Hillel Schaechter died last week in Jerusalem. He was born in Leipzig, and some parts of Leipzig never left him. All the years - 14, I think - in which I was his boss at Yad Vashem, he always insisted on calling me Dr. Lozowick. I had a staff of 150, most of them younger than I, and everyone called me Yaacov. But not Hillel Schaechter. He would come into my office sometimes, "Dr. Lozowick, I know you're busy, but I'd really like to tell you about the files I'm working on right now". But I'm running ahead with the story.
He was 15 when Kristalnacht happened, in November 1938. He was a German citizen, but his parents were Poles, so the event was doubly terrifying: All Jews were being attacked and their property assaulted or stolen, but the Polish Jews were being deported. His parents hid on the grounds of a consulate, if I remember the story he told me. Each year on November 9th he'd come around and remind me of those traumatic few days, to ensure we didn't forget, nor overlook it because of the worse events that followed.
He had been lucky not to have seen what followed. In August 1939 he bade farewell to his parents, and boarded a train that took him to a camp that sent him to a ship that took him to Haifa in Mandatory Palestine. He was 16 when he arrived; if I've go the story right, he had an older sister who was here already, somewhere. (She's still alive, deep in her 90s).
He was sent to a religious kibbutz in Gush Etzion, thirty years before Jewish settlement there was defined as being illegal by international law. Later he was transferred to a different kibbutz,where he worked as his parents and entire family were murdered in Europe. After that war, and then after the one in Israel, he met and married. He and his wife had four children, and they lived in Kfar Haroeh, where he spent his career dealing with administration, and logistics, and accounting, and what's now called human resources; in the 1967 war he was still fighting in the reserves.
Then it was time to retire. He and his wife moved to Jerusalem; soon thereafter she fell ill and died. It was about then that he came to Yad Vashem, where the archives made use of his ability to read German handwriting, and especially the Gothic handwriting that has long since been disused so younger Germans cannot decipher it.
He had been an administrator, not a historian or archivist. Yet the documents he was dealing with were from the world he'd been born into; the descriptions were from his world. Many times he'd come by to tell me how important it was that the latter generations be told about the things he was finding on those files: irrational antisemitism of the Nazis; hopeless attempts by Jews to extricate themselves. It was almost as if, on the smallest of scales, his efforts were directed at fixing what could never be fixed.

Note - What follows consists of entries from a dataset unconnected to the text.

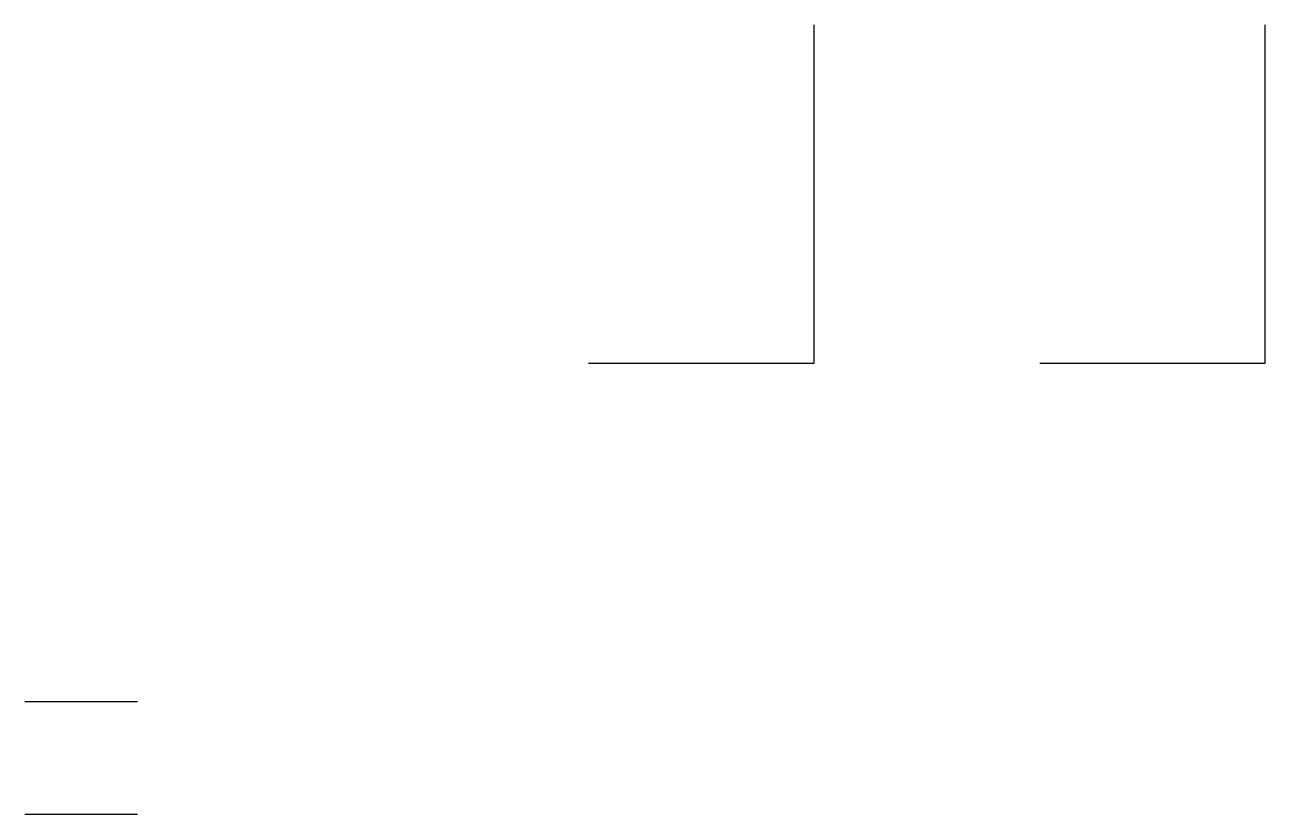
# Model space of a CAD drawing. Header units: metres. Extents: x -2 to 9, y 0 to 7.
import ezdxf

# ---------------------------------------------------------------- set-up
doc = ezdxf.new("R2010")
doc.units = ezdxf.units.M
for name, color, linetype in [('First', 7, 'Continuous'), ('Inside', 7, 'Continuous'), ('Second', 7, 'Continuous')]:
    doc.layers.add(name, color=color, linetype=linetype)

# ---------------------------------------------------------------- blocks, each defined once
blk = doc.blocks.new('Part')
blk.add_line((2, 0, 1), (2, 3))
at = {"layer": 'Inside'}
blk.add_line((0, 0), (2, 0, 1), dxfattribs=at)

msp = doc.modelspace()

# ---------------------------------------------------------------- linework, layer by layer
msp.add_line((-2, 1), (-1, 1))
at = {"layer": 'Second'}
msp.add_line((-2, 0), (-1, 0), dxfattribs=at)

# ---------------------------------------------------------------- block references
msp.add_blockref('Part', (7, 4))
at = {"layer": 'First'}
msp.add_blockref('Part', (3, 4), dxfattribs=at)

doc.saveas('drawing.dxf')

One morning five or six years ago he came to work with a platter of cakes and invited us to celebrate with him: his eighth great grandchild had just been born, and he did the arithmetic for us: "I lost 36 members of my family in the Shoah, but I'm almost there again", he told us, counting his children grandchildren and great grandchildren. "That's my revenge on the Nazis, all those descendants".
This morning I went to visit his children as they sit shiva in his son's home, about two miles from the first kibbutz he stayed in, in 1939. "He lived to see 41 grandchildren and great grandchildren", his oldest daughter said, "he had a full professional career and then a second one at Yad Vashem. Yet throughout it all, he was always that frightened 16-year-old, taking leave of his parents forever at the train station in Leipzig".
He was a good man.
That's beautiful. Thank you for sharing, and for keeping his memory alive.
ReplyDeleteMay his memory be for a blessing, and may his family be comforted among the mourners of Zion and Jerusalem.
Laura
Ditto everything Laura wrote.
ReplyDeleteThe people who survived Nazi Europe are such treasures.
Nycerbarb
Ditto to the comments above and many thanks to Yaacov for posting this. It makes me think of my father z''l, who was about a year older and also left Europe in 1939, for the United States in his case. He often referred to himself and his friends with similar backgrounds as "fugees", short for refugees. Just a few of them left now.
ReplyDeleteDavid E. Sigeti
when I worked in personnel in the 70s I saw many US-passports telling the story of escape and I could never stop to marvel at how infallibly polite and even friendly and helpful (improving my English) these people were to me
ReplyDeleteSilke
Thanks for making us feel as if we knew this special man.